November 15, 2012

Curiosity monitors radiation and spots elusive whirlwinds on Mars.


Hi, I’m Ashwin Vasavada, the deputy project scientist for the Curiosity rover and this is our Curiosity rover update.

A lot of what this mission is about is figuring out the possibility that ancient Mars was a habitable environment. But we’re also studying the present environment. Two instruments that help with that are the RAD instrument and the REMS instrument.

The RAD instrument is a radiation assessment detector. It measures the high-energy radiation coming up from the cosmic rays and the sun. That radiation is changed as it goes through Mars’ atmosphere to where we detect it on the surface.

By measuring the radiation at Mars’ surface Curiosity is helping prepare for human missions to Mars.

Another instrument that Curiosity has that measures the modern environment is called the rover environmental monitoring station.

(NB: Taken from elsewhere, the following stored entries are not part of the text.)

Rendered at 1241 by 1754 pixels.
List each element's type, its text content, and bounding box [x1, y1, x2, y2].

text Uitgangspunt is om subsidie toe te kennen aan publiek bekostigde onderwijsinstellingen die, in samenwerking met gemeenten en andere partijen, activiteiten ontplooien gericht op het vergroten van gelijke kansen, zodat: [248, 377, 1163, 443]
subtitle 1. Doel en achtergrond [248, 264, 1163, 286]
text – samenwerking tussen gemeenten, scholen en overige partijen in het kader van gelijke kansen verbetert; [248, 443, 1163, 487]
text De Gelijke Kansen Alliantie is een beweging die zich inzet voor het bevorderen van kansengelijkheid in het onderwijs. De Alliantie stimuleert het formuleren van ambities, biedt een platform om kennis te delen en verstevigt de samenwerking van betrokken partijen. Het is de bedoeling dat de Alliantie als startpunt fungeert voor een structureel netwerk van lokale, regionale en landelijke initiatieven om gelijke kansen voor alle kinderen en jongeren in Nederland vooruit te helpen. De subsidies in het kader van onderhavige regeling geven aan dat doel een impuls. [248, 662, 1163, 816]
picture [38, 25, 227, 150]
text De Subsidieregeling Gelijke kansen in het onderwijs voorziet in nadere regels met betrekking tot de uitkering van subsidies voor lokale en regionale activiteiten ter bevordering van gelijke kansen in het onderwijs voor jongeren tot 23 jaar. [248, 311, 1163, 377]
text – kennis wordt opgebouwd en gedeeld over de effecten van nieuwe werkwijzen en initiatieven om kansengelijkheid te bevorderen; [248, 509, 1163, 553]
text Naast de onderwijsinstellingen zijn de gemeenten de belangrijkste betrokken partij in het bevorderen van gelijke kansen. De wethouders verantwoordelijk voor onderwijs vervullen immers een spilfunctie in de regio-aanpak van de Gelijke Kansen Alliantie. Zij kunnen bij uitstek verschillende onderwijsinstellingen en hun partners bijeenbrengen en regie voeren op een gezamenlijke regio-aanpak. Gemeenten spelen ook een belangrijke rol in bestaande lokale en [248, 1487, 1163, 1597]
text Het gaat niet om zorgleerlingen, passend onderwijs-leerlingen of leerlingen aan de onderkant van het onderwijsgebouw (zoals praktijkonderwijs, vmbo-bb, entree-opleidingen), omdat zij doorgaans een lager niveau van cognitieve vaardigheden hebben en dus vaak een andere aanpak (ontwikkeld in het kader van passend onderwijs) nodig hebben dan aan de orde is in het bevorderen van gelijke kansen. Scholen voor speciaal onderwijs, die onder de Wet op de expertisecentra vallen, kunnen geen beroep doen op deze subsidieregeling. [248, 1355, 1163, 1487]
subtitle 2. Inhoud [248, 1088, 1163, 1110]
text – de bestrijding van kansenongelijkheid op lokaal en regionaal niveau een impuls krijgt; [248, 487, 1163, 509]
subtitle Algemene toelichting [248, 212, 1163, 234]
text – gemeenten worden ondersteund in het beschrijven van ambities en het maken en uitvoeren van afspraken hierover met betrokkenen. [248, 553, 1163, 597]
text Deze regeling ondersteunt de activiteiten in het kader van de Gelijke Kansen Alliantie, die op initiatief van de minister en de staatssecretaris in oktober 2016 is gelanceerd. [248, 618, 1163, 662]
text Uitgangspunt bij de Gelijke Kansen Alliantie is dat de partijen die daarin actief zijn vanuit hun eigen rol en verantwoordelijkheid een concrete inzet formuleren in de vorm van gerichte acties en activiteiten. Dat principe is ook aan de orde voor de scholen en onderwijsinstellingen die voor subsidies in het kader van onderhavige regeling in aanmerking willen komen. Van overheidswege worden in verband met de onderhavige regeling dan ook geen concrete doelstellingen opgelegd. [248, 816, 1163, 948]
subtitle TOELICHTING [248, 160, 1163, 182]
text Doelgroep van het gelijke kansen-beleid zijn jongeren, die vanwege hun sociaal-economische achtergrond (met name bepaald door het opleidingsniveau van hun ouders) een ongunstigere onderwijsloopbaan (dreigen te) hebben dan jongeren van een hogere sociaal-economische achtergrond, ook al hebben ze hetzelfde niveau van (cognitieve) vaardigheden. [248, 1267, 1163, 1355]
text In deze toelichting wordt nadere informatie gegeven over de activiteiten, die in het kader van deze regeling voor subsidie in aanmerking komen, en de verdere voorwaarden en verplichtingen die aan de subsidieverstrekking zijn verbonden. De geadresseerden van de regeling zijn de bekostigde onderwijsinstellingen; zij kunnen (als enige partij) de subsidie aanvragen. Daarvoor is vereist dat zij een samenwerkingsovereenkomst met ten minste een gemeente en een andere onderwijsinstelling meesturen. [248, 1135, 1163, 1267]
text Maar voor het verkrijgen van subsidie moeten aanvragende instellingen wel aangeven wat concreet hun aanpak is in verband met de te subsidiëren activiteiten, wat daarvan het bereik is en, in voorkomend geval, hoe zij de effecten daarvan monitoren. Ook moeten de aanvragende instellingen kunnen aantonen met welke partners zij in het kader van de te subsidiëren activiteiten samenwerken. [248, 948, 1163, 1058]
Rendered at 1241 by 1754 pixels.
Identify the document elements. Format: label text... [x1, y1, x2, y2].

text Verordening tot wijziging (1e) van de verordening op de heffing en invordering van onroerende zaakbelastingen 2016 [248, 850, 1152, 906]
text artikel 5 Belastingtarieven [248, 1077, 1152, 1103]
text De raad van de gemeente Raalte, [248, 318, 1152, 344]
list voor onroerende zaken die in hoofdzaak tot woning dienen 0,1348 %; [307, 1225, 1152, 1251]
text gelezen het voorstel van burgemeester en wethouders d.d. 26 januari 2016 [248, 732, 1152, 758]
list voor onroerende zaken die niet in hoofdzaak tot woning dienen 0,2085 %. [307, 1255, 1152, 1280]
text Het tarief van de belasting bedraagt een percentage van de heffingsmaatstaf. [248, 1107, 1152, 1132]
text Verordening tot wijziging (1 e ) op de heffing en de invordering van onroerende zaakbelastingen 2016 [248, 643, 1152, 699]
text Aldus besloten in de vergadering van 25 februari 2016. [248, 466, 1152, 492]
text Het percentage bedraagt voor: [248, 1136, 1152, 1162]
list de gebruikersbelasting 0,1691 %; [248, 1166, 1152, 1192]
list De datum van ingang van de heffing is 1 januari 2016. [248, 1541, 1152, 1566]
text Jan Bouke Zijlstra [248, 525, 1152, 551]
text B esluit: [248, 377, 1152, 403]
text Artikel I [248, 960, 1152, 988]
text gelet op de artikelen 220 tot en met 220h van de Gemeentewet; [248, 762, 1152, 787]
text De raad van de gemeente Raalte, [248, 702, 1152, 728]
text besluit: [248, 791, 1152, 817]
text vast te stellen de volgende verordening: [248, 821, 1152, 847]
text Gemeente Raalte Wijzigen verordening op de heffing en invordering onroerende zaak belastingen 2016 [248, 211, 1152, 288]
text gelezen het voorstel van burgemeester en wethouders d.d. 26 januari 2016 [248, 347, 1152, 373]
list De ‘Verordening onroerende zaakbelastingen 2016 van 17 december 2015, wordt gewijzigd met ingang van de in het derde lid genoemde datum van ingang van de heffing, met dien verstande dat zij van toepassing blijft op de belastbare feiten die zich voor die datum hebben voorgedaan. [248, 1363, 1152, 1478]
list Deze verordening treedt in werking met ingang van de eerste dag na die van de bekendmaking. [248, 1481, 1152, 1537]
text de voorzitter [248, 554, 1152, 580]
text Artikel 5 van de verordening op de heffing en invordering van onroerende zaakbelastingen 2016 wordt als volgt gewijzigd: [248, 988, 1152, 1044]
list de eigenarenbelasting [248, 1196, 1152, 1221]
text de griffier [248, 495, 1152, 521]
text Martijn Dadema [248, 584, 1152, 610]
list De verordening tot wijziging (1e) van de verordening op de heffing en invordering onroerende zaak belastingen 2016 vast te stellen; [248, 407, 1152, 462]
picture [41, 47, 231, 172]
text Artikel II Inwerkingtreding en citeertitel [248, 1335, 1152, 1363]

It’s basically our weather station. We measure a lot of things including pressure, and humidity, temperature and wind.

It’s been seeing little dips in pressure around noon that seemed like the signature of dust devils. Only thing is our pictures haven’t turned up any dust devils.

Spirit and Opportunity saw lots of dust devils moving across the horizon. Our best guess at what’s going on is that Curiosity is seeing dust devils go right over it, only thing is we’re not seeing the dust devils.

So what we think is happening is the same sorts of vortexes, driven by convection are occurring on mars at the Curiosity’s site but just not picking up dust.

Another thing that REMS has been measuring is winds. Turns out we’re in a pretty interesting place inside of Gale Crater. We’re right at the base of a 5-kilometer high mountain to the south of us and then there’s a pretty tall crater rim to the north of us and we’re sitting in kind of a flat depression between the two.

The winds blow up and down the mountain as the temperature changes during the day and up and down the crater slops and then along the depression where we’re at.

So right now we’re trying to figure out from the REMS data exactly which parts of that wind field we’re measuring.

With Thanksgiving coming up we’ve been preparing a few days worth of commands to send up to the rover to keep it busy while people here take some much needed time off. The rover will be acquiring a big panorama of our surroundings while we’re away.

I’m Ashwin Vasavada and this has been your Curiosity rover update.